However, I will adopt the nomenclature that the question is adopting. In this answer, I'm adopting:

S = longitudinal shear force per unit length across a defined boundary of interest, that boundary being perpendicular to a plane section. This boundary is normally a single plane on which you could slice off a part of the section, but it doesn't have to be.

V = vertical shear force in the plane section.

A = an area (see below).

y = a distance (see below).

I = second moment of area of the whole plane section.

The equation in question is then S = V A y / I.

(The question has an intermediate value Q = A y, but I'm going to ignore that - you can substitute it back in if you like, having calculated A and y, at any point in this discussion.)

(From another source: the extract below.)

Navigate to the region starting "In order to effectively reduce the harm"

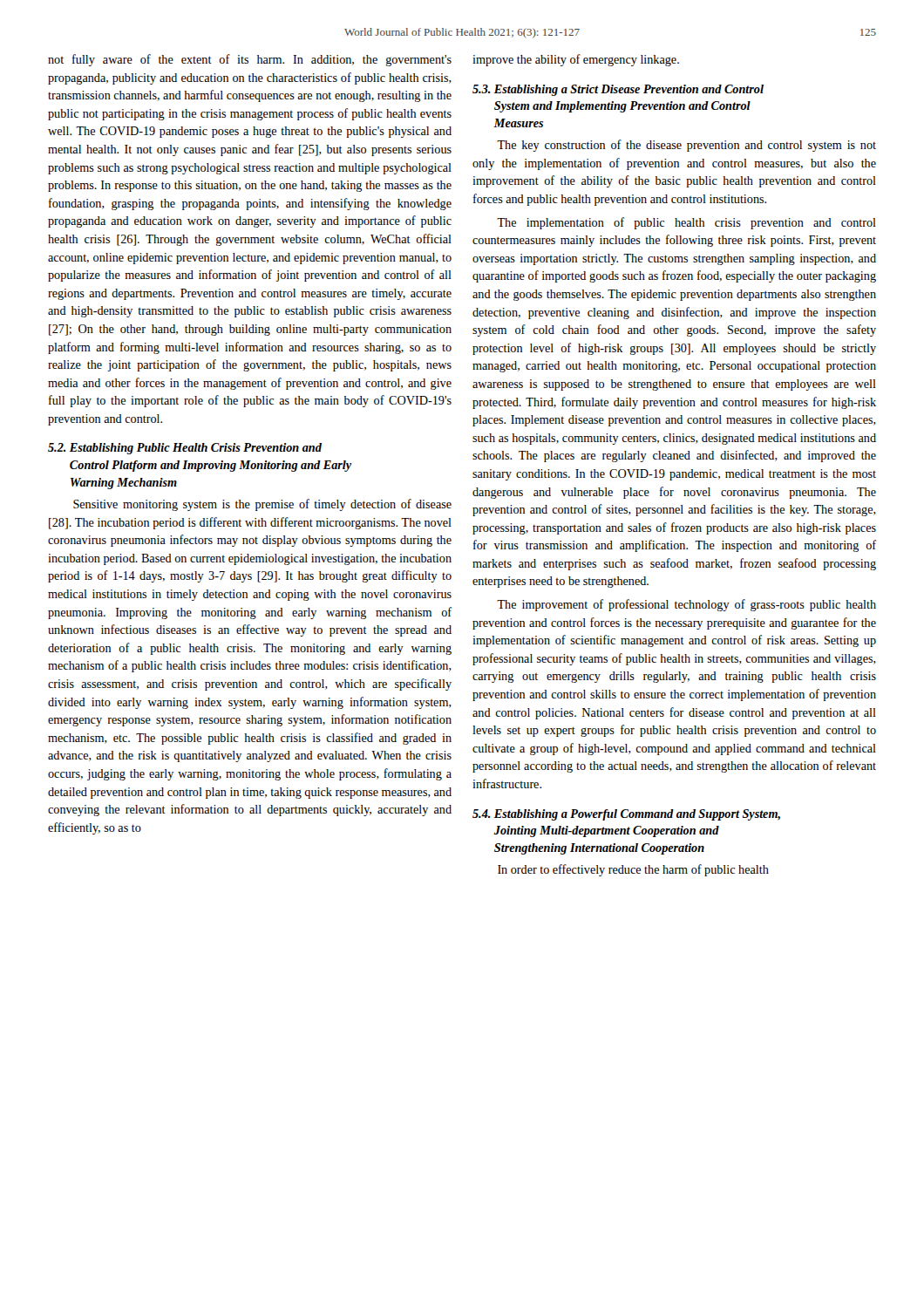point(674,870)
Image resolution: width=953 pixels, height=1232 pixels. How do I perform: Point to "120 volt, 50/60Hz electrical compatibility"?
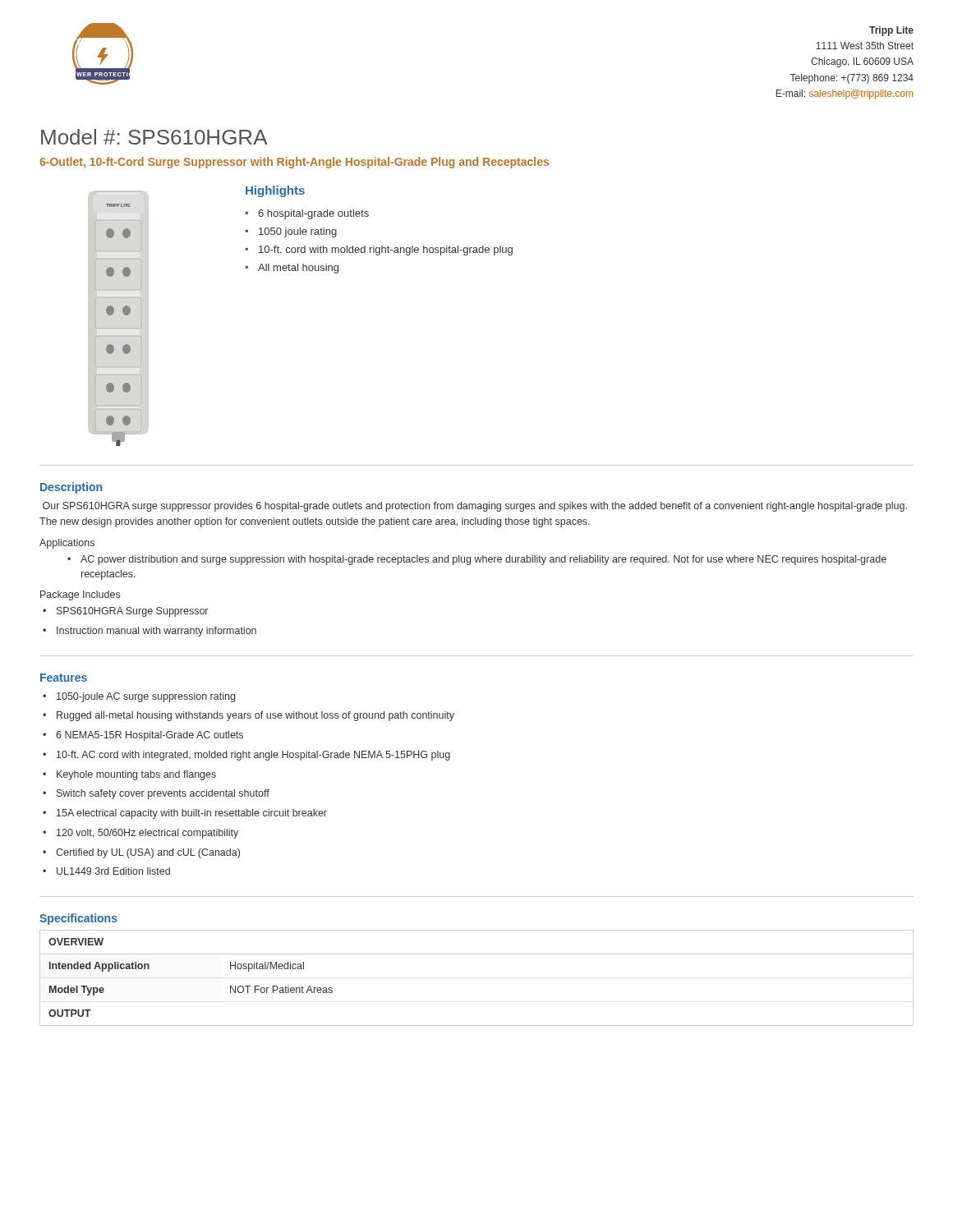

The value of A is the area of a 'chunk' of the section. The value of y is the distance from the neutral axis of the whole section to the centroid of the sliced off part. It doesn't actually matter if the chunk is the result of a single planar slice, or an arbitrary portion of the section.

In case b there's a chunk that's the top plank. It's a rectangle d wide and b high. The centroid of that part is exactly central, b/2 from the top and bottom faces of that plank. The y value will be the distance from the centre of that plank to the neutral axis of the whole section.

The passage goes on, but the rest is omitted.